Friday rolls around... I'm the big 26 now. Goodbye 25, hello 26. Doesn't feel any different. Honestly, I just wanted to sleep the day away and act as if it never happened. Thank God I didn't. I was hoping to get our NILMDTS pregnancy pictures back by my birthday... and I did! I was so excited to find the link to a website in my e-mail later that day. She sent us 3 pictures on Thursday night. I fell in love with them right away and was very excited to see the rest. So as soon as I noticed the e-mail, it was time to check them out. Absolutely beautiful! Stunning! I couldn't have asked for anything better. They turned out great! Here's a little peek:
Family pic!
To see the rest, please go to http://www.collages.net/. On the left side is the guest area. Click there. The username is Sophia Grace and the password is 23376. Login your info and it'll take you to the pictures. I tend to look at them several hundred times a day. I can't wait to be able to hang them up all over our house. Beautiful memories caught on camera. Beautiful memories that we made with Sophia. Memories... ugh, I'm really starting to hate the way that word sounds. Almost like all I'll ever have of Sophia is memories. I want so much more then that! Back to the website, once you're logged in, there is a guestbook on the left side. Please feel free to leave us a comment. We would love to know how many people are looking at our pictures :)

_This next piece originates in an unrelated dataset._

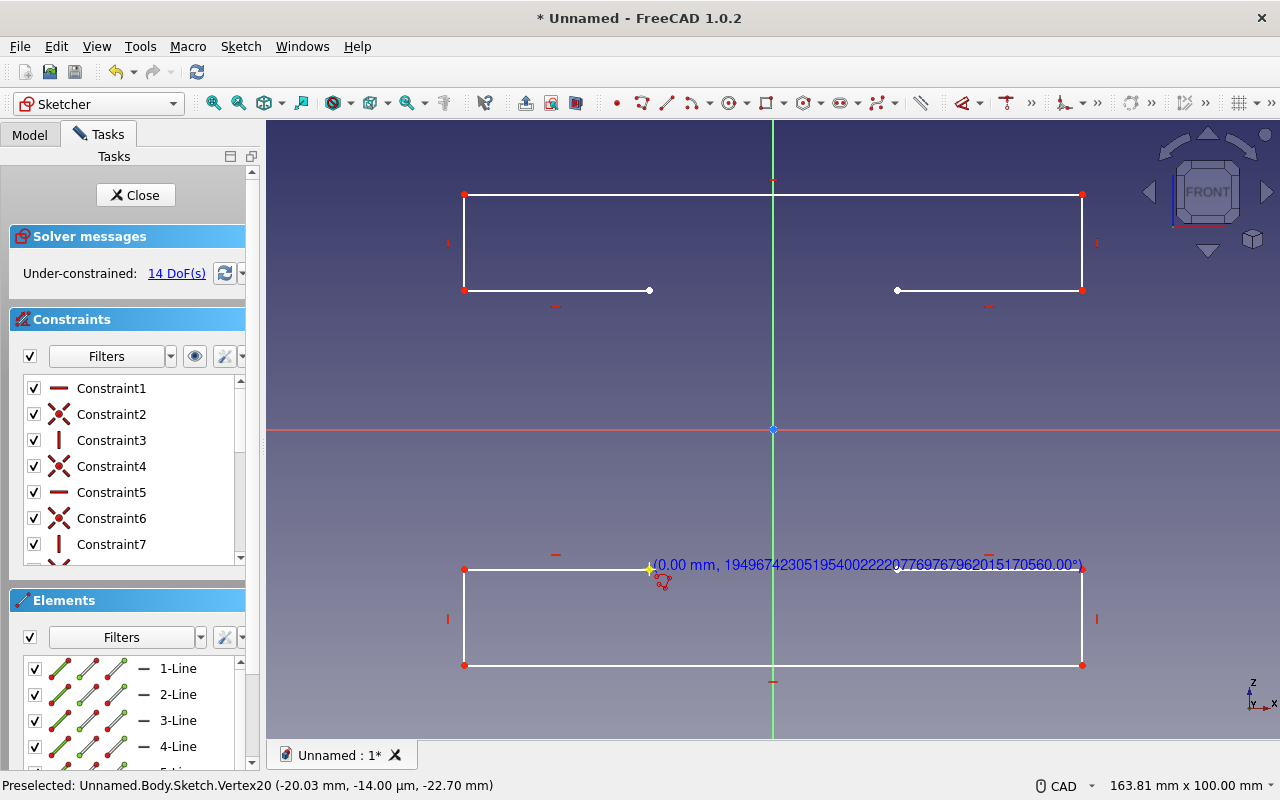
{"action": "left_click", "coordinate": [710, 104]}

Kathy, if you're reading this... Thank you from the bottom of my heart! You and Ben did an amazing job. These pictures are just breathtaking. I love them so very much. Thank you for taking the time out of your day to meet with us. I will never forget you. You will always hold a very special place in our hearts! Thank you just isn't enough.

Back to our little sale today... we didn't get to stay out very long. The rain chased us back inside. But while we were out there, we were able to raise $64 towards Sophia's headstone. God, how I wish I could put that money towards clothes, diapers, bottles, stroller, etc. Thank you to all who stopped by today and enjoyed our hot dogs and lemonade, or just gave a donation. No matter how big or small, it helps! We deeply appreciate it.

I want to apologize if this post seems very unorganized. Truth is, I feel very unorganized myself lately. I have yet to start picking up the pieces to what used to be my life. They're still scattered all over the floor. And I just don't know where to start to put it all back together again. I'm not sure I want to either. As I have said many times before, this is a very difficult journey. One I had never expected to be on. One I had never truly understood. Even now, I don't fully understand it. And we've been on this journey now for almost 3 months. Maybe I will never understand. At one point, I knew just what I wanted to do with my life, aside from trying to be the best mother I can be. I was so interested in the Criminal Justice field and I was doing everything in my power to make my way there. But, I have officially given up. I do not feel as if my calling is Criminal Justice. I feel now that my calling in life is to help others, even in the slightest bit, to get through hard times like these. When they're faced with a fatal prenatal diagnosis, I want to be right there saying, "I know how you feel! I've been there. And this is what we can do to get through it... but only when you're ready." Now what profession would that be? I really do not know.

Oops, there I go again. Completely random. Maybe it's the fact that it's getting late. Maybe I should just go rest my weary eyes and leave blogging for another day.

Thanks for taking the time to read this "messy" post. And a quick welcome to all my new readers. Thank you for joining us on this journey. Sophia's Journey. The Velazquez Family Journey... whatever you want to call it :)
A family's bond, one that is unbreakable!
We love you, Sophia Grace

1 comment:

  1. I'm sorry about your camera! Please go out and get a disposable to take pictures! I know it isn't ideal but at least you will have pictures then of your time pregnant with her. You'll be glad you did it later.